Abdolfattah Soltani

Name: 
Abdolfattah Soltani
Alter: 
59 Jahre (* 2. November 1953)
Beruf: 
Rechtsanwalt
Urteil: 
13 Jahre Haft
Haftort: 
Evin-Gefängnis, Teheran

Abdolfattah Soltani vertrat im Rahmen seiner Tätigkeit als Rechtsanwalt im Iran mehrfach politische Gefangene und deren Angehörige, darunter unter anderen den Journalisten Akbar Gandji, die Eltern der in Untersuchungshaft ermordeten kanadisch-iranischen Journalistin Zahra Kazemi und als einer der wenigen Anwälte die Bahai.

Im Jahre 2005 verbrachte Soltani 219 Tage im Gefängnis, davon 43 in Einzelhaft. 2006 wurde er zu fünf Jahren Haft verurteilt, vier Jahre Haft wegen der „Offenlegung vertraulicher Unterlagen“ und ein Jahr aufgrund von „Propaganda gegen das System“. Am 28. Mai 2007 wurde er von allen gegen ihn seit seiner Festnahme im Juli 2005 vorgebrachten Anklagen freigesprochen. Seither hat man ihn daran gehindert, aus dem Iran auszureisen.

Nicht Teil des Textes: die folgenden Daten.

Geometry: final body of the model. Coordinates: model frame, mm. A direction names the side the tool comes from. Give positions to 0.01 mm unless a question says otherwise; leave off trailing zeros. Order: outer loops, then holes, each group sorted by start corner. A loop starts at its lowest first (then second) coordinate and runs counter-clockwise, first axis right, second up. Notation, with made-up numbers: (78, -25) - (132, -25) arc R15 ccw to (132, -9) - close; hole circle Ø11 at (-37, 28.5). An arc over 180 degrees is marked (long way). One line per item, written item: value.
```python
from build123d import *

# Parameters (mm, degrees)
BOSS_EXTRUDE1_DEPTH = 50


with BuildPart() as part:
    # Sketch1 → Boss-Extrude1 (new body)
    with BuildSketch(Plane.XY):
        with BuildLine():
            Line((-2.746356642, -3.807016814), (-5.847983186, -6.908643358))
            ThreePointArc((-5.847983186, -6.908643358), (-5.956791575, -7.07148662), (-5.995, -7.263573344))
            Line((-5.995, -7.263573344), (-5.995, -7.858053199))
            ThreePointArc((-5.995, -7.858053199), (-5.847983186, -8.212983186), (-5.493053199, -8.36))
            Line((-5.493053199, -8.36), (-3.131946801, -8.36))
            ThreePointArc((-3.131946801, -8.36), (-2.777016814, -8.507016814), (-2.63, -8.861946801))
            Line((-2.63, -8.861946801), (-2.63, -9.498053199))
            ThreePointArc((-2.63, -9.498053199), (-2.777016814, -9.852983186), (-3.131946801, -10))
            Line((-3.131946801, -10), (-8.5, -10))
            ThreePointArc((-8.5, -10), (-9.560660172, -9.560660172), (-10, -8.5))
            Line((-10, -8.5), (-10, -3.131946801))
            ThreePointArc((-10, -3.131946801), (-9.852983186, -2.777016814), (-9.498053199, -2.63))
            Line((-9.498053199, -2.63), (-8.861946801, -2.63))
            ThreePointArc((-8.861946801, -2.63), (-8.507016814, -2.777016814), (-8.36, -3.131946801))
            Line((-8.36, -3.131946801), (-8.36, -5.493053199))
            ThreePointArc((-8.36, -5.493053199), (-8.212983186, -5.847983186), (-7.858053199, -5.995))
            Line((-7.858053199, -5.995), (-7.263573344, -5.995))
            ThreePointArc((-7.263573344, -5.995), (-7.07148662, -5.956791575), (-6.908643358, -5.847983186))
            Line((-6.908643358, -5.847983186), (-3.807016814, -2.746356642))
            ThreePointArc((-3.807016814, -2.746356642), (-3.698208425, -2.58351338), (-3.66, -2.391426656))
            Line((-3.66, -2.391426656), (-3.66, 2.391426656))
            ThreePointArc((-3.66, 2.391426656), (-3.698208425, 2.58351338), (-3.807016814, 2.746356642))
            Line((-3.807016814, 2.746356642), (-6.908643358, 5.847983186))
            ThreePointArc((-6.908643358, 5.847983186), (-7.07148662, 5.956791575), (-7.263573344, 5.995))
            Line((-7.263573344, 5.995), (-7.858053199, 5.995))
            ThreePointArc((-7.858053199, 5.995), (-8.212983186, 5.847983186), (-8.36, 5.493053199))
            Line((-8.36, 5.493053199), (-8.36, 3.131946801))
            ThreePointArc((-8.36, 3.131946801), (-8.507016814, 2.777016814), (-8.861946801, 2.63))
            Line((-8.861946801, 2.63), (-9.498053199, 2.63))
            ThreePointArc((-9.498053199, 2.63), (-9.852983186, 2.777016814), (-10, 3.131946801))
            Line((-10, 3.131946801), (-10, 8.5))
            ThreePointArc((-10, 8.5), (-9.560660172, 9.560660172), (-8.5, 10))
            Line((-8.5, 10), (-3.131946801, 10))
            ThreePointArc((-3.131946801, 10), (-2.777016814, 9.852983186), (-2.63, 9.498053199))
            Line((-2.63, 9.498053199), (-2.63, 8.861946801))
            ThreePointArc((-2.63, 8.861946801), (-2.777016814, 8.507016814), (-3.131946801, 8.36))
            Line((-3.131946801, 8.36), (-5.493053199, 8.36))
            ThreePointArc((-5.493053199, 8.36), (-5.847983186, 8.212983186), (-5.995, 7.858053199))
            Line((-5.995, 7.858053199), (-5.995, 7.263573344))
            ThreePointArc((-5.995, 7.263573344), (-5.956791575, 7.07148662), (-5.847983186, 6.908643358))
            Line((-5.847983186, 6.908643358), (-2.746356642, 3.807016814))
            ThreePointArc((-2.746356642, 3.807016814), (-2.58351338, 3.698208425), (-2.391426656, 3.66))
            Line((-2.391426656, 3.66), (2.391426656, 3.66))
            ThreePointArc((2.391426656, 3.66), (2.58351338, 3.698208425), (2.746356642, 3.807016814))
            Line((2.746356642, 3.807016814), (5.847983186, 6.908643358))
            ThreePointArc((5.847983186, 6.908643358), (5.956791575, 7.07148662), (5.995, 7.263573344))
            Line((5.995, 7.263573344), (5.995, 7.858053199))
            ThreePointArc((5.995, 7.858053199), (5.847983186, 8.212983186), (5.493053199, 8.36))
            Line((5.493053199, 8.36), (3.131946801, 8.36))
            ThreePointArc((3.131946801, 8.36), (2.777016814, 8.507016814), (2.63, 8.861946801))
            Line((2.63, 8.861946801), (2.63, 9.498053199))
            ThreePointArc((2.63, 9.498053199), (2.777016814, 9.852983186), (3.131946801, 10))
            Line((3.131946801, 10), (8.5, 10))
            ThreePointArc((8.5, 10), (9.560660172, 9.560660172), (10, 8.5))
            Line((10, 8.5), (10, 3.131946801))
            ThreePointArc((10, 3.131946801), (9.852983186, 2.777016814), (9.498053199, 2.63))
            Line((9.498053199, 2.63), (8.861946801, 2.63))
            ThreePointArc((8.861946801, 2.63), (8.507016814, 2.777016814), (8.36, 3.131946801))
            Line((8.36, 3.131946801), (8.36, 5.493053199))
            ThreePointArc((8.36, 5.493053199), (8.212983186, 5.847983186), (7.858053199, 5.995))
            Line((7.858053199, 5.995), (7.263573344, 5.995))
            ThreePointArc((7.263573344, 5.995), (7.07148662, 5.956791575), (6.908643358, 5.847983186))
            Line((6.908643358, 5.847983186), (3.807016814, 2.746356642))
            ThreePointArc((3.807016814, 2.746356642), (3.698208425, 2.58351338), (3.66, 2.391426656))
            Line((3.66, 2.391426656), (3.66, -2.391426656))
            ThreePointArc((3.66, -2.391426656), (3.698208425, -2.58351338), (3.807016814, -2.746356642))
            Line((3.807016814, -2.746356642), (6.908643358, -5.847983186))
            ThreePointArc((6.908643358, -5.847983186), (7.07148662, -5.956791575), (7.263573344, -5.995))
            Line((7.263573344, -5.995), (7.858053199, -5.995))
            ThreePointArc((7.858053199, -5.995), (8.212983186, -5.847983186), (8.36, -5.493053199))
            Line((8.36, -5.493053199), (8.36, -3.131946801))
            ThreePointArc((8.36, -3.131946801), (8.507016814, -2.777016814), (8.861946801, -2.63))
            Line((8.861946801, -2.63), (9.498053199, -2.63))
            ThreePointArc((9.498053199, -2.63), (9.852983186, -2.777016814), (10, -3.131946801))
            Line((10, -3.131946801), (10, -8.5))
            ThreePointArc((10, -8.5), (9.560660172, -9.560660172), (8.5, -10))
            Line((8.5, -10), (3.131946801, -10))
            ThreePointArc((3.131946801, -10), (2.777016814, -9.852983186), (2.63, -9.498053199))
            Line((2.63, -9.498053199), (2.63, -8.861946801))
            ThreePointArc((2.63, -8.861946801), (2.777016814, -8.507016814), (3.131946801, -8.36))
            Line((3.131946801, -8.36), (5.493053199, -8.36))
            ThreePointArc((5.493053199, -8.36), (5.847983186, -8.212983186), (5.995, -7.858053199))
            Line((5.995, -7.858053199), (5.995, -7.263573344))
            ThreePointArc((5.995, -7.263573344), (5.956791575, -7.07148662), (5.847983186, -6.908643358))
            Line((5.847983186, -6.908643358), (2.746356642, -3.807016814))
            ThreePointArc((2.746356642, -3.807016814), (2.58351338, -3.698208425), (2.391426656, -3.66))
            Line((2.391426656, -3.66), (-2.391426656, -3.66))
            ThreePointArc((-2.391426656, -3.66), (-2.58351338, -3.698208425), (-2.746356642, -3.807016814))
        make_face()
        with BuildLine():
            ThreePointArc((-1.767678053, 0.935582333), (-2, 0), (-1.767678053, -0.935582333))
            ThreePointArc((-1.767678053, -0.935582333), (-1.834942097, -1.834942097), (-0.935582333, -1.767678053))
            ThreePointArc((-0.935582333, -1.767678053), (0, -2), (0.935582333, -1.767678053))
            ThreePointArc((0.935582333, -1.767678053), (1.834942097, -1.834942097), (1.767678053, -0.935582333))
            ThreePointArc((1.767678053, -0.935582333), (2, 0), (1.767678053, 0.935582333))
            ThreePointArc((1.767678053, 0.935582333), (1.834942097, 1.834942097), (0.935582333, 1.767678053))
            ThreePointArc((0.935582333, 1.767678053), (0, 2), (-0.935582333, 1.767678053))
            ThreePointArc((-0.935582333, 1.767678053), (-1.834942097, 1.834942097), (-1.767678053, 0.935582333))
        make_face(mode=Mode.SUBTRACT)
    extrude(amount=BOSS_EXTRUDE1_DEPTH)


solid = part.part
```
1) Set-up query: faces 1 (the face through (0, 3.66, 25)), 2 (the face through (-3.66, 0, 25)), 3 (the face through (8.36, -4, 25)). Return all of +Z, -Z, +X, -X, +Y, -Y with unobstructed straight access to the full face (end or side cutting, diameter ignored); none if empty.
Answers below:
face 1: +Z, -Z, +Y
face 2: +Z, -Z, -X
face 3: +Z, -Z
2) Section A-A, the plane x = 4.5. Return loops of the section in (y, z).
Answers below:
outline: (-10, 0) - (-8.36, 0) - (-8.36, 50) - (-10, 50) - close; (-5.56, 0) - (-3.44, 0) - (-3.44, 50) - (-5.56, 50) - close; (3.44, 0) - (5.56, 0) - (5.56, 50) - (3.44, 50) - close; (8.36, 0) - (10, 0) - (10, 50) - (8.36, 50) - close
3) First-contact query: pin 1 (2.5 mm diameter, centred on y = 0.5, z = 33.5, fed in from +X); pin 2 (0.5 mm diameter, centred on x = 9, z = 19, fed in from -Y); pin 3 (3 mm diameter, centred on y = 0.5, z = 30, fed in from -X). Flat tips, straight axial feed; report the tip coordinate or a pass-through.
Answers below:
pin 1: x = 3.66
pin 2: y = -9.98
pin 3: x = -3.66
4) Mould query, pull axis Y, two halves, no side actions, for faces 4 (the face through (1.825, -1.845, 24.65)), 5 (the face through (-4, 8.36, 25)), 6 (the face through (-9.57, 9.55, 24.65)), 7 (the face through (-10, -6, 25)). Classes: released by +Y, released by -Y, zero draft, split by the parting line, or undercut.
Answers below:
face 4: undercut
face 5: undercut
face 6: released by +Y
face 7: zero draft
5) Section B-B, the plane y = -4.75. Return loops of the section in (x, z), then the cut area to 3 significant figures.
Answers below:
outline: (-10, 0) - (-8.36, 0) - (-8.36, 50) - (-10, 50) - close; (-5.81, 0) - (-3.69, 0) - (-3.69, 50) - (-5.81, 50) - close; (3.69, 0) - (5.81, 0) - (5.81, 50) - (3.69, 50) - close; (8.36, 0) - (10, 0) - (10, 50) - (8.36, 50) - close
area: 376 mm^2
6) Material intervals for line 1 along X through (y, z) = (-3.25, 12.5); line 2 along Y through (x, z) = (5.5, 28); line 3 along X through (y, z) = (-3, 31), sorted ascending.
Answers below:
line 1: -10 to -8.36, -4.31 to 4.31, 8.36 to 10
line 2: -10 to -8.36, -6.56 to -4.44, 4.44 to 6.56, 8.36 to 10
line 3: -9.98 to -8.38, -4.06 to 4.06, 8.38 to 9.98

Am 16. Juni 2009 wurde Soltani nach den Iranischen Präsidentschaftswahlen 2009 und den darauf folgenden Protesten in seinem Büro ohne Angabe von Gründen und ohne Haftbefehl erneut verhaftet. Der Aufenthaltsort von Soltani wurde von den iranischen Behörden zunächst geheim gehalten; Soltani wurde jede Kontaktaufnahme mit der Außenwelt verwehrt. Später wurde er in das Teheraner Evin-Gefängnis verbracht und dort in Einzelhaft festgehalten. Die Verhaftungen wurden als Zeichen massiver Unterdrückung der politischen Opposition im Iran, als deren Mitglied Soltani als Anwalt für Menschenrechte gilt, interpretiert.

Am 27. August 2009 wurde Soltani schließlich auf Kaution freigelassen. Als Kaution habe die Familie die Eigentumsurkunde von Soltanis Rechtsanwalts-Kanzlei hinterlegt.

Die iranische Regierung verweigerte Soltani am 2. Oktober 2009 am Flughafen in Teheran die Ausreise aus dem Iran zur offiziellen Preisverleihung des Internationalen Menschenrechtspreises. Am 4. Oktober 2009 wurde Soltani der Internationale Menschenrechtspreis 2009 während eines Festaktes im Opernhaus Nürnberg in Abwesenheit verliehen. Stellvertretend nahm seine Ehefrau Masoumeh Dehghan den Preis entgegen. 2012 wurde Masoumeh Dehghan hierfür von einem Gericht im Iran zu einem Jahr Gefängnis auf Bewährung und einem fünfjährigen Ausreiseverbot verurteilt, da sie anstelle ihres Mannes den Preis entgegengenommen hatte.

Verurteilung

Kurz nach den Iranischen Parlamentswahlen 2012 wurde Soltani zu 18 Jahren Haft und anschließendem Berufsverbot für 20 Jahre verurteilt. Verurteilt wurde er für die „Annahme eines ungesetzlichen Preises“, „regimefeindlicher Propaganda“, „Versammlung und Verdunklung mit systemfeindlichen Absicht“ und der „Gründung des Zentrums zum Schutz der Menschenrechte“.

In einer Berufungsverhandlung im Juni 2012 wurde die Strafe auf 13 Jahre reduziert. Ein Angebot, die Strafe weiter zu reduzieren, wenn er sich öffentlich von Ebadi distanziere, habe er laut seiner Tochter ausgeschlagen.